Italy's Right-Wing Government Turns Up The Heat On 'Gastronationalism'

Rome has been strongly opposed to synthetic foods, insect-based flours and health warnings on alcohol, and aggressive lobbying by Giorgia Meloni's right-wing government against nutritional labeling has prompted accusations in Brussels of "gastronationalism."

Dough is run through a press to make pasta

Creation of home made pasta

Karl De Meyer et Olivier Tosseri

ROME — On March 23, the Italian Minister of Agriculture and Food Sovereignty, Francesco Lollobrigida, announced that Rome would ask UNESCO to recognize Italian cuisine as a piece of intangible cultural heritage.

On March 28, Lollobrigida, who is also Italian Prime Minister Giorgia Meloni's brother-in-law, promised that Italy would ban the production, import and marketing of food made in labs, especially artificial meat — despite the fact that there is still no official request to market it in Europe.

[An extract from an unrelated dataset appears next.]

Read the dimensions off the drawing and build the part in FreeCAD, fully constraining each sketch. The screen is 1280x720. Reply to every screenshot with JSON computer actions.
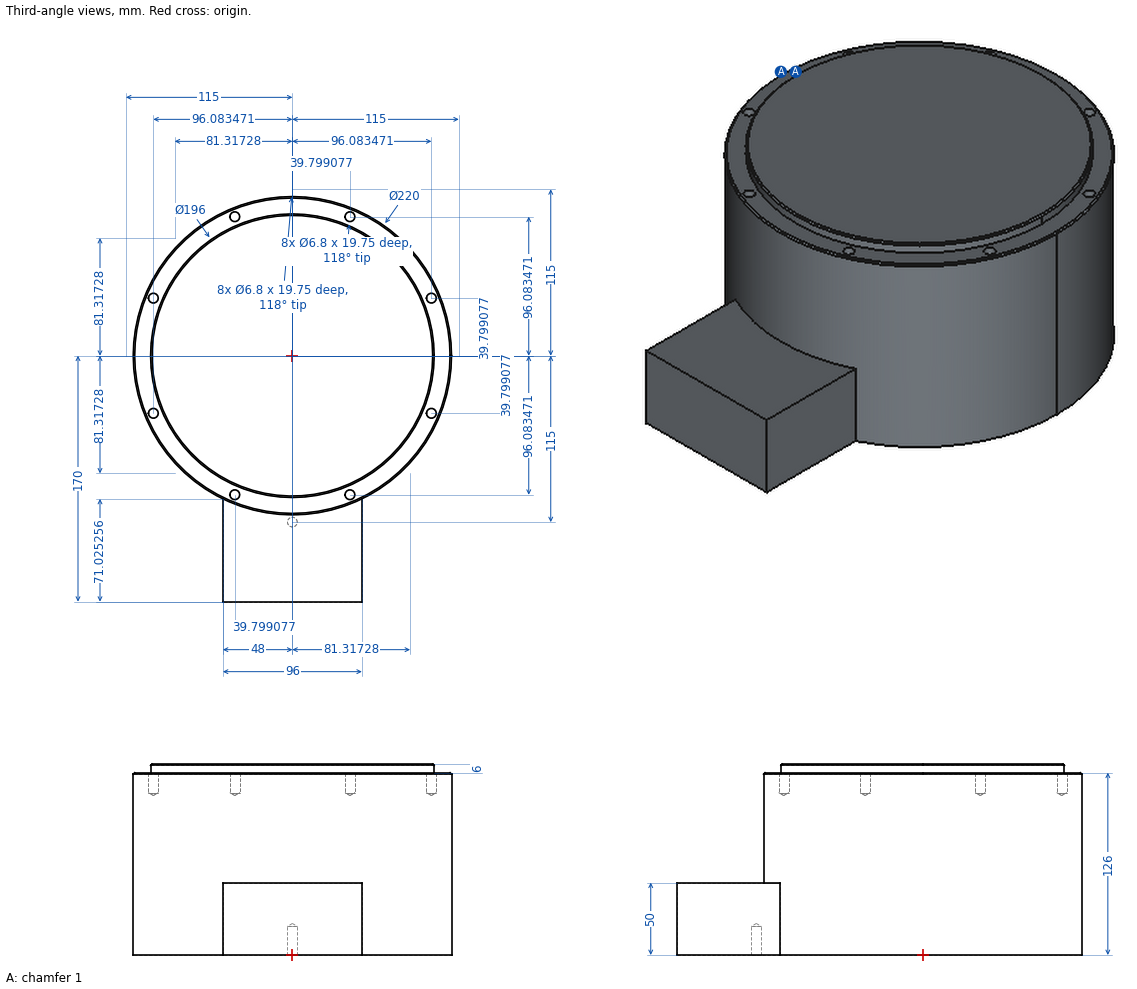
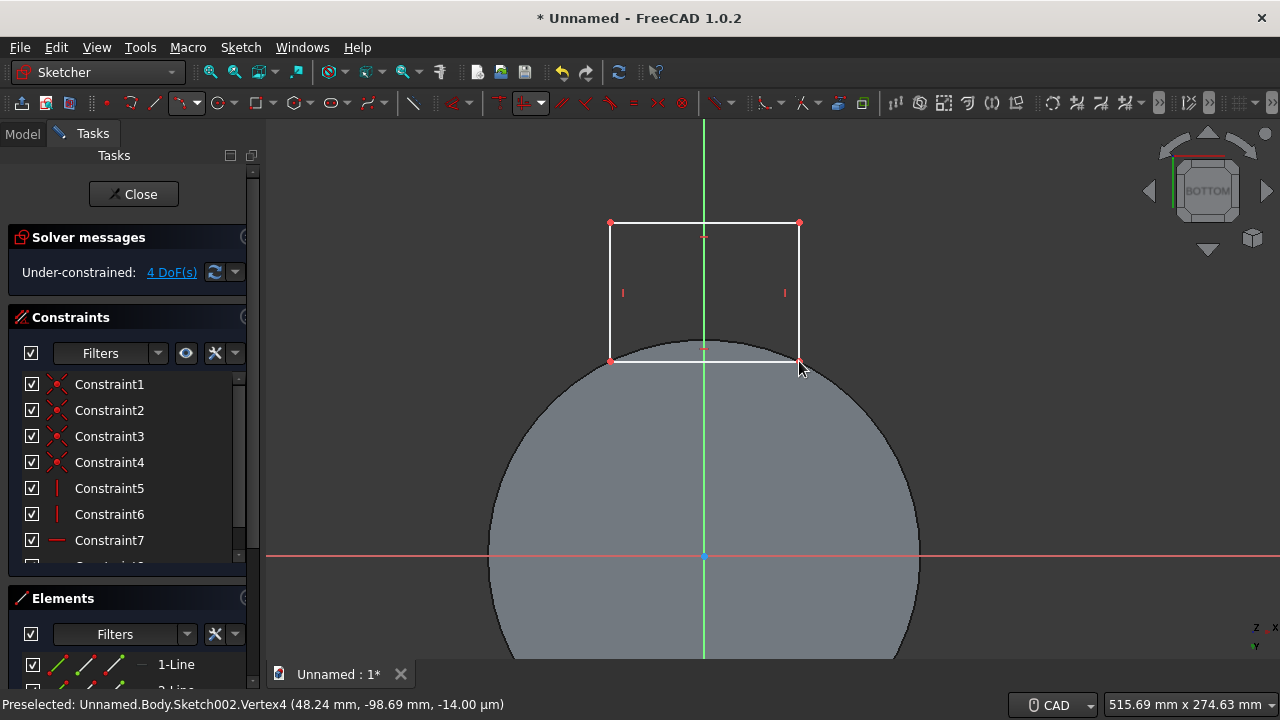
{"action": "left_click", "coordinate": [452, 104]}

Days later, Italian Eurodeputy Alessandra Mussolini, granddaughter of fascist leader Benito Mussolini and member of the Forza Italia party, which is part of the governing coalition in Rome, caused a sensation in the European Parliament. On the sidelines of the plenary session, Sophia Loren's niece organized a wine tasting, under the slogan "In Vino Veritas," to show her strong opposition (and that of her government) to an Irish proposal to put health warnings on alcohol bottles. At the end of the press conference, around 11am, she showed her determination by drinking from the neck of a bottle of wine, to great applause.